_Exercise objective_
Scan the records for the string "linecap"; copy each line where it occurs.

□ □ □

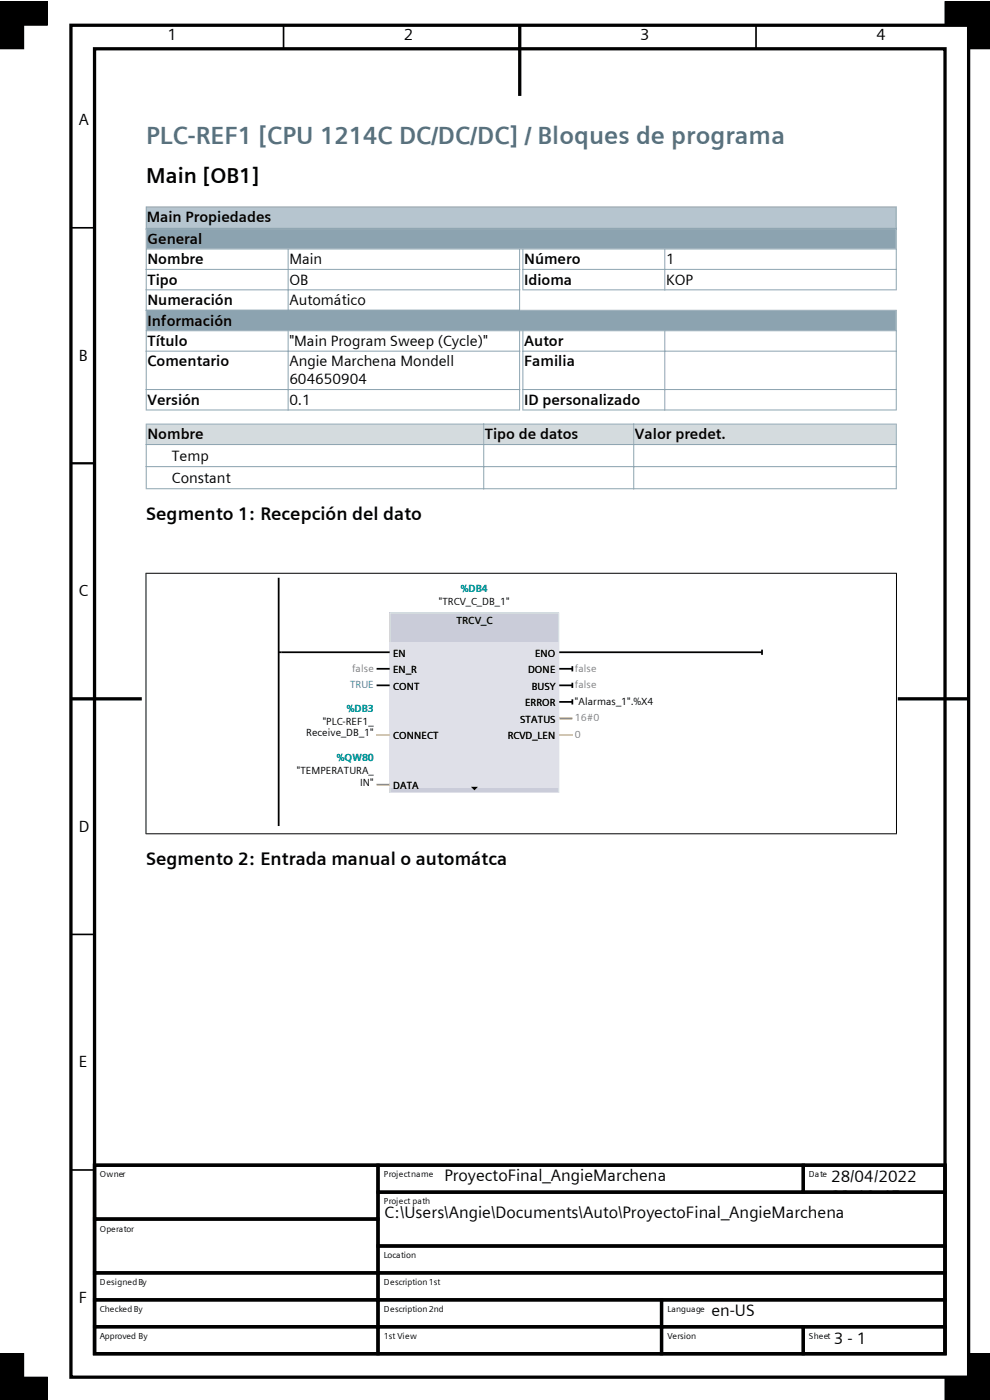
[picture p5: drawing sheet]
<svg xmlns="http://www.w3.org/2000/svg" width="210mm" height="297mm" viewBox="0 0 210 297" stroke-linecap="round" stroke-linejoin="round" font-family="sans-serif">
<defs><g id="words">
<text font-size="5.3" fill="#59717d" x="31" y="30.5">PLC-REF1 [CPU 1214C DC/DC/DC] / Bloques de programa</text>
<text font-size="4.6" x="31" y="38.8">Main [OB1]</text>
<g font-size="3.9">
<text x="31" y="110.3">Segmento 1: Recepción del dato</text>
<text x="31" y="183.6">Segmento 2: Entrada manual o automátca</text>
</g>
<g font-size="3.5">
<text x="94.3" y="250.5">ProyectoFinal_AngieMarchena</text>
<text x="176.3" y="250.8">28/04/2022</text>
<text x="176.3" y="255">23:10:45</text>
<text x="81.5" y="258.4">C:\Users\Angie\Documents\Auto\ProyectoFinal_AngieMarchena</text>
<text x="150.9" y="279.1">en-US</text>
<text x="176.9" y="285.2">3 - 1</text>
</g>
<g font-size="3.4">
<text x="35.6" y="8.6">1</text>
<text x="85.7" y="8.6">2</text>
<text x="135.8" y="8.6">3</text>
<text x="185.9" y="8.6">4</text>
<text x="16.7" y="26.5">A</text>
<text x="16.7" y="76.5">B</text>
<text x="16.7" y="126.5">C</text>
<text x="16.7" y="176.4">D</text>
<text x="16.7" y="226.4">E</text>
<text x="16.7" y="276.4">F</text>
</g>
<g font-size="3.2">
<text x="31.1" y="47.2">Main Propiedades</text>
<text x="31.3" y="51.7">General</text>
<text x="31.3" y="56.1">Nombre</text>
<text x="61.4" y="56.1">Main</text>
<text x="111.2" y="56.1">Número</text>
<text x="141.3" y="56.1">1</text>
<text x="31.3" y="60.4">Tipo</text>
<text x="31.3" y="64.7">Numeración</text>
<text x="61.4" y="60.4">OB</text>
<text x="61.4" y="64.7">Automático</text>
<text x="111.2" y="60.4">Idioma</text>
<text x="141.3" y="60.4">KOP</text>
<text x="31.3" y="69.1">Información</text>
<text x="31.3" y="73.4">Título</text>
<text x="31.3" y="77.7">Comentario</text>
<text x="61.4" y="73.4">&quot;Main Program Sweep (Cycle)&quot;</text>
<text x="61.4" y="77.7">Angie Marchena Mondell</text>
<text x="111.2" y="73.4">Autor</text>
<text x="111.2" y="77.7">Familia</text>
<text x="61.4" y="81.5">604650904</text>
<text x="31.3" y="85.9">Versión</text>
<text x="61.4" y="85.9">0.1</text>
<text x="111.2" y="85.9">ID personalizado</text>
<text x="31.3" y="93.2">Nombre</text>
<text x="102.9" y="93.2">Tipo de datos</text>
<text x="134.7" y="93.2">Valor predet.</text>
<text x="36.4" y="97.7">Temp</text>
<text x="36.4" y="102.4">Constant</text>
</g>
<g font-size="2.2" fill="#099">
<text x="97.7" y="125.7">%DB4</text>
<text x="73.6" y="151">%DB3</text>
<text x="71.5" y="161.5">%QW80</text>
</g>
<g font-size="2.2">
<text x="93.1" y="128.4">&quot;TRCV_C_DB_1&quot;</text>
<text x="96.9" y="132.3">TRCV_C</text>
<text x="83.4" y="139.4">EN</text>
<text x="83.4" y="142.8">EN_R</text>
<text x="112" y="142.8">DONE</text>
<text x="113.5" y="139.4">ENO</text>
<text x="83.4" y="146.3">CONT</text>
<text x="111.4" y="149.9">ERROR</text>
<text x="112.8" y="146.3">BUSY</text>
<text x="122" y="149.5">&quot;Alarmas_1&quot;.%X4</text>
<text x="68.5" y="153.8">&quot;PLC-REF1_</text>
<text x="110.4" y="153.4">STATUS</text>
<text x="65" y="156.2">Receive_DB_1&quot;</text>
<text x="83.4" y="156.9">CONNECT</text>
<text x="107.7" y="156.9">RCVD_LEN</text>
<text x="63" y="164.3">&quot;TEMPERATURA_</text>
<text x="76.4" y="166.7">IN&quot;</text>
<text x="83.4" y="167.4">DATA</text>
</g>
<g font-size="2.2" fill="#808080">
<text x="74.7" y="142.5">false</text>
<text x="122" y="142.5">false</text>
<text x="122" y="146">false</text>
<text x="122" y="153">16#0</text>
<text x="122" y="156.5">0</text>
</g>
<text font-size="2.2" fill="#3366d3" x="74.3" y="146">TRUE</text>
<g font-size="1.8">
<text x="21.2" y="249.7">Owner</text>
<text x="81.4" y="249.7">Project name</text>
<text x="171.6" y="249.7">Date</text>
<text x="81.4" y="255.5">Project path</text>
<text x="21.2" y="261.3">Operator</text>
<text x="81.4" y="266.9">Location</text>
<text x="21.2" y="272.7">Designed By</text>
<text x="81.4" y="272.7">Description 1st</text>
<text x="21.2" y="278.3">Checked By</text>
<text x="81.4" y="278.3">Description 2nd</text>
<text x="141.6" y="278.3">Language</text>
<text x="21.2" y="284.1">Approved By</text>
<text x="81.4" y="284.1">1st View</text>
<text x="141.6" y="284.1">Version</text>
<text x="171.6" y="284.1">Sheet</text>
</g>
</g></defs>
<path d="M60.2 5.4v5M160.4 5.4v5M15 48.3h5.1M15 98.3h5.1M15 198.2h5.1M15 248.2h5.1" fill="none" stroke="#000" stroke-width=".35"/>
<g fill="none" stroke="#000" stroke-width=".7" stroke-linecap="butt">
<path d="M15 5.4h190.5v286.8h-190.5zM20.1 10.4h180.4v276.8h-180.4zM110.3 5.4v14.9M15 148.3h15.1M190.4 148.3h15.1M20.1 247.2h60.1v11.4h-60.1zM20.1 258.6h60.1v11.4h-60.1zM20.1 247.2h180.4v40h-180.4zM80.2 247.2h90.2v5.7h-90.2zM80.2 252.9h120.3v11.4h-120.3zM170.4 247.2h30.1v5.7h-30.1zM20.1 270h60.1v5.8h-60.1z"/>
<path d="M20.1 275.8h60.1v5.7h-60.1zM80.2 264.3h120.3v5.7h-120.3zM80.2 270h120.3v5.8h-120.3zM80.2 275.8h60.1v5.7h-60.1zM140.3 275.8h60.2v5.7h-60.2zM20.1 281.5h60.1v5.7h-60.1zM80.2 281.5h60.1v5.7h-60.1zM140.3 281.5h30.1v5.7h-30.1zM170.4 281.5h30.1v5.7h-30.1z"/>
</g>
<path d="M0 .4h10v5h-10zM0 .4h5v10h-5zM200.5 .4h5v5h-5zM205.5 .4v10h4.6M205.5 .4h.1M205.5 .4h4.6M5 296.9v-9.7h-5v9.7v-4.7h10v4.7M210.1 292.2h-9.6v4.7M210.1 287.2h-4.6v9.7" fill="none" stroke="#000" stroke-width=".21"/>
<g fill="#000">
<path d="M0 .4h10v5h-10z" fill-rule="evenodd"/>
<path d="M0 .4h5v10h-5z" fill-rule="evenodd"/>
<path d="M200.5 .4h5v5h-5z" fill-rule="evenodd"/>
<path d="M205.5 .4h4.6v10h-4.6z" fill-rule="evenodd"/>
<path d="M0 292.2h10v4.7h-10z" fill-rule="evenodd"/>
<path d="M0 287.2h5v9.7h-5z" fill-rule="evenodd"/>
<path d="M200.5 292.2h9.6v4.7h-9.6z" fill-rule="evenodd"/>
<path d="M205.5 287.2h4.6v9.7h-4.6z" fill-rule="evenodd"/>
</g>
<path d="M31.1 44h158.9v4.2h-158.9z" fill="#b6c5cf"/>
<path d="M30.9 43.9h159.3M31 43.8v4.9M190.1 43.8v4.9" fill="none" stroke="#8ca3b0" stroke-width=".21"/>
<path d="M30.9 48.5h159.3" fill="none" stroke="#8ca3b0" stroke-width=".53"/>
<path d="M31 48.5h159.1v38.5h-159.1z" fill="#fff"/>
<path d="M31.1 48.6h158.9v4.1h-158.9zM31.1 66h158.9v4.1h-158.9z" fill-rule="evenodd" fill="#8ca3b0"/>
<g fill="none" stroke="#8ca3b0" stroke-width=".21">
<path d="M30.9 48.5h159.3M30.9 52.8h159.3M30.9 57.2h79.4M31 48.4v38.7M61.1 52.8v13.1M110.2 52.8v13.1M110.8 57.2h79.4M110.9 52.8v8.8M141 52.8v8.8M190.1 48.4v13.2M30.9 61.5h79.4M30.9 65.8h159.3"/>
<path d="M30.9 70.2h159.3M30.9 74.5h79.4M61.1 70.2v16.9M110.2 70.2v16.9M110.8 61.5h79.4M110.8 74.5h79.4M110.9 70.2v16.9M141 70.2v16.9M190.1 65.7v21.4M30.9 82.6h79.4M30.9 87h79.4M110.8 82.6h79.4"/>
<path d="M110.8 87h79.4"/>
</g>
<path d="M31 90h159.1v13.7h-159.1z" fill="#fff"/>
<path d="M31.1 90.1h71.4v4.1h-71.4zM102.7 90.1h31.7v4.1h-31.7zM134.5 90.1h55.5v4.1h-55.5z" fill-rule="evenodd" fill="#d4dbde"/>
<path d="M30.9 90h159.3M30.9 94.3h159.3M30.9 99h159.3M31 89.9v13.9M102.6 89.9v13.9M134.4 89.9v13.9M190.1 89.9v13.9M30.9 103.7h159.3" fill="none" stroke="#8ca3b0" stroke-width=".21"/>
<path d="M59.1 138.4h.6M59.1 122.6v52.6" fill="none" stroke="#000" stroke-width=".37"/>
<path d="M82.7 130h35.9v38.2h-35.9z" fill-rule="evenodd" fill="#dfe0e8"/>
<g fill="#caccd9">
<path d="M82.7 130h35.9v6.2h-35.9z" fill-rule="evenodd"/>
<path d="M82.7 167.3h35.9v.9h-35.9z" fill-rule="evenodd"/>
</g>
<path d="M99.9 166.9h1.5l-.7 .8z" fill="#000"/>
<path d="M82.8 130.1h35.7v38h-35.7z" fill="none" stroke="#dfe0e8" stroke-width=".21"/>
<path d="M59.7 138.4h23M118.6 138.4h43.1M161.7 137.8v1.1M79.9 141.9h2.8M79.9 145.4h2.8M118.6 141.9h2.8M118.6 145.4h2.8M118.6 148.9h2.8M121.4 141.3v1.1M121.4 144.8v1.1M121.4 148.4v1.1" fill="none" stroke="#000" stroke-width=".37"/>
<path d="M79.9 155.9h2.8M118.6 155.9h2.8M118.6 152.4h2.8M79.9 166.5h2.8" fill="none" stroke="#ffa400" stroke-width=".37"/>
<path d="M30.9 121.6h159.3M31 121.6v55.3M190.2 121.6v55.3M30.9 176.9h159.3" fill="none" stroke="#000" stroke-width=".21"/>
<use href="#words"/>
</svg>

□ □ □

_Written solution_
<svg xmlns="http://www.w3.org/2000/svg" width="210mm" height="297mm" viewBox="0 0 210 297" stroke-linecap="round" stroke-linejoin="round" font-family="sans-serif">
<g fill="none" stroke="#000" stroke-width=".7" stroke-linecap="butt">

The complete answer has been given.